Using the records below, output the stretch that opens with the line containing "Requested for: the" and closes with the line containing "2) small box [473,317,617,464]", exactly and including both lines, with nothing more.

+ + +

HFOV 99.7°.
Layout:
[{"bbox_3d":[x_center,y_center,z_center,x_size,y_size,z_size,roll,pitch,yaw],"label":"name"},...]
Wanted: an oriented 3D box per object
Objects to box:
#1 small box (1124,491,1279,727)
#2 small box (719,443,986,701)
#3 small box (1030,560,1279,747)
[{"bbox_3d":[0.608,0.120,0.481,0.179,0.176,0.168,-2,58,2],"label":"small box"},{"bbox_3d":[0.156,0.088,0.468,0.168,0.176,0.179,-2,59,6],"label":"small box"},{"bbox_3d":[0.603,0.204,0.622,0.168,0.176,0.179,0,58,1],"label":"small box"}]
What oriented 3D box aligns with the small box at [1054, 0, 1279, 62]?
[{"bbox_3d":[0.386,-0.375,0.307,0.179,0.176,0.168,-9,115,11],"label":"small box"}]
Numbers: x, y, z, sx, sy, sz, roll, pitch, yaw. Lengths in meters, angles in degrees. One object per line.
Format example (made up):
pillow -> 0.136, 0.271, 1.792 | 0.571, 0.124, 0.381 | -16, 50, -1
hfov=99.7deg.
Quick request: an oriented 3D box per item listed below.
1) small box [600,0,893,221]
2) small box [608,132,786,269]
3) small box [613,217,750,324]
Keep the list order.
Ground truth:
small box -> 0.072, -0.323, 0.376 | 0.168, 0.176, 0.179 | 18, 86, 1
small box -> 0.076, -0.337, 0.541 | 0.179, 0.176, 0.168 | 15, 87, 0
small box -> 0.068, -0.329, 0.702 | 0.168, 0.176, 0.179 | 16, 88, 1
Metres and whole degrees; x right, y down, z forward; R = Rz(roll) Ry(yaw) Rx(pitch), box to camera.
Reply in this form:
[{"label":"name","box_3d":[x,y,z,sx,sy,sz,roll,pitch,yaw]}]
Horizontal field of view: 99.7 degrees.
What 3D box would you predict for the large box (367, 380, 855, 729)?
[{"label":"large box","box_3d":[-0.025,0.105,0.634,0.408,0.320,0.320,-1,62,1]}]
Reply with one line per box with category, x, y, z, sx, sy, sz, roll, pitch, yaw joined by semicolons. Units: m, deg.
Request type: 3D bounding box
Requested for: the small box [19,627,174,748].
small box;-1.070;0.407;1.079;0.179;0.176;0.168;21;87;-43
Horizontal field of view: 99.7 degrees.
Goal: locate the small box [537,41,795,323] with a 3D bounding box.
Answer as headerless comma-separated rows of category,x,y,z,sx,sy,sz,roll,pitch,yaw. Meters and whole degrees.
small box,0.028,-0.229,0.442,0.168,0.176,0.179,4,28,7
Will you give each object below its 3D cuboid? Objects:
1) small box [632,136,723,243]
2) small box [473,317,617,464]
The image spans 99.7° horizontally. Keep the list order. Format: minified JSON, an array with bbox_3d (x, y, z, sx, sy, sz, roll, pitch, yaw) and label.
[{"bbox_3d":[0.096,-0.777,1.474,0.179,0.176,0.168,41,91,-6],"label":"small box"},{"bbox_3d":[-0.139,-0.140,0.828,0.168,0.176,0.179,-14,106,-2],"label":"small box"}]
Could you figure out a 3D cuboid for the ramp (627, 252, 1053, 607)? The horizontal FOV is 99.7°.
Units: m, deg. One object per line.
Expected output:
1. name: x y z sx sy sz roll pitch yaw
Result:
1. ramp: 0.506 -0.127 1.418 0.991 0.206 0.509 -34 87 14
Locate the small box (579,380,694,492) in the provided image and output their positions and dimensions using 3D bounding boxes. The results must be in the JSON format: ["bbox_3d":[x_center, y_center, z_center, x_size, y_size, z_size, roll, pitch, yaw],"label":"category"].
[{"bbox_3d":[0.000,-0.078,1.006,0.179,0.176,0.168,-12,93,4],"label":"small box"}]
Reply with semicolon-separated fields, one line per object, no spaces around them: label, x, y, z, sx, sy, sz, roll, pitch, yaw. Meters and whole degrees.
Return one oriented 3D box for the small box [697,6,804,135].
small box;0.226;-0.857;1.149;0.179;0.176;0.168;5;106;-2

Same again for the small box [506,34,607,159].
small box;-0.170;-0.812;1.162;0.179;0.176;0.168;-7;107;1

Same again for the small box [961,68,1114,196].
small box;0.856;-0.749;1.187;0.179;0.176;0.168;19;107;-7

+ + +

- Finished task
Requested for: the small box [19,627,174,748].
small box;-1.070;0.407;1.079;0.179;0.176;0.168;21;87;-43
Horizontal field of view: 99.7 degrees.
Goal: locate the small box [537,41,795,323] with a 3D bounding box.
Answer as headerless comma-separated rows of category,x,y,z,sx,sy,sz,roll,pitch,yaw. Meters and whole degrees.
small box,0.028,-0.229,0.442,0.168,0.176,0.179,4,28,7
Will you give each object below its 3D cuboid? Objects:
1) small box [632,136,723,243]
2) small box [473,317,617,464]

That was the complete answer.